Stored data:
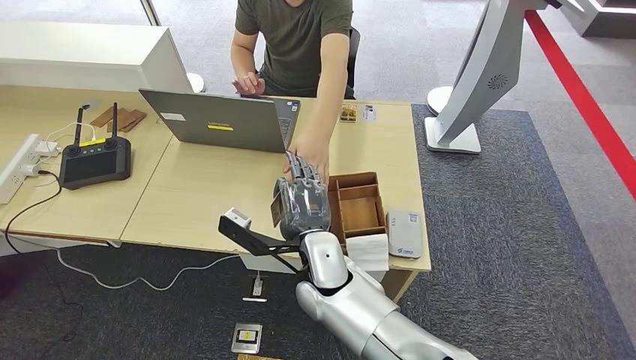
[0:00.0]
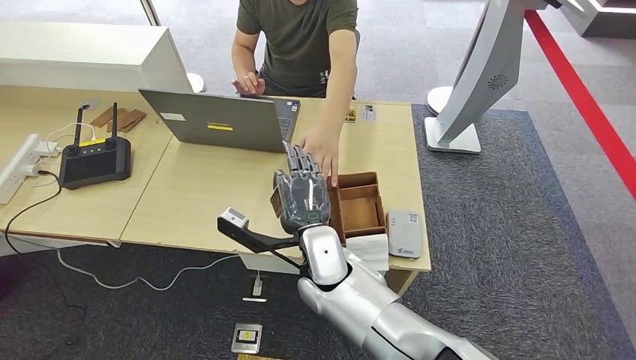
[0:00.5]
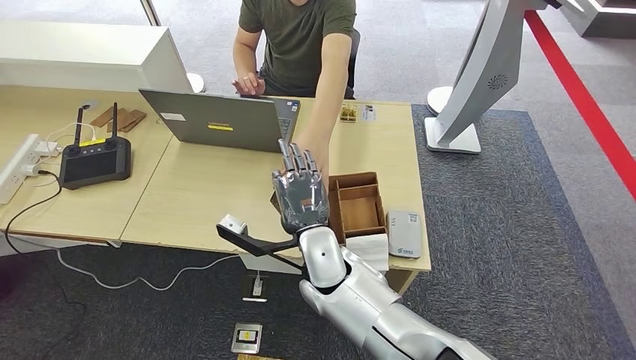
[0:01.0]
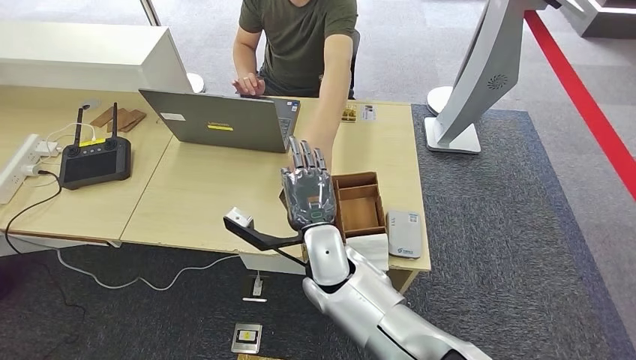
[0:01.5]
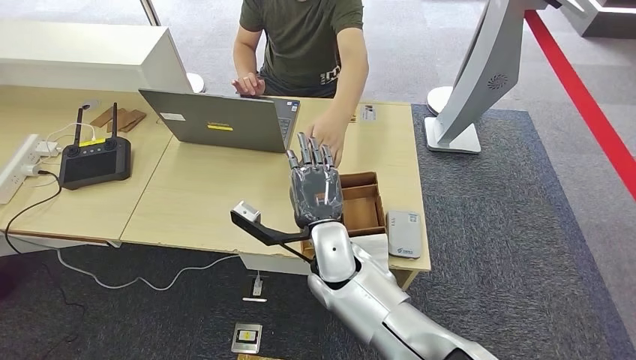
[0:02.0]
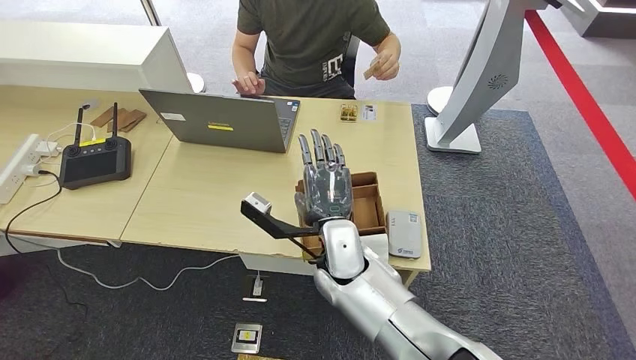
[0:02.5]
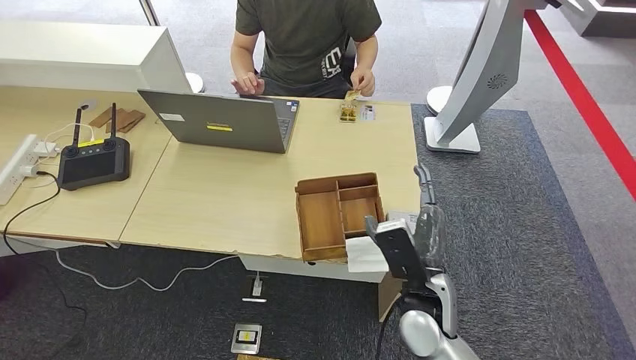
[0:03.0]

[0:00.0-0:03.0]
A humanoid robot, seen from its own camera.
Step, 0:00.0 to 0:03.0: Hand the room key to the person.
0:00.0 to 0:01.5: There are only small adjustments of the hands.
0:01.5 to 0:03.0: The right hand goes roughly 15 cm to the right.

EXERCISE GOAL:
Exactly retype each record above, dropping images.

EXERCISE RESULT:
[0:00.0]
[0:00.5]
[0:01.0]
[0:01.5]
[0:02.0]
[0:02.5]
[0:03.0]

[0:00.0-0:03.0]
A humanoid robot, seen from its own camera.
Step, 0:00.0 to 0:03.0: Hand the room key to the person.
0:00.0 to 0:01.5: There are only small adjustments of the hands.
0:01.5 to 0:03.0: The right hand goes roughly 15 cm to the right.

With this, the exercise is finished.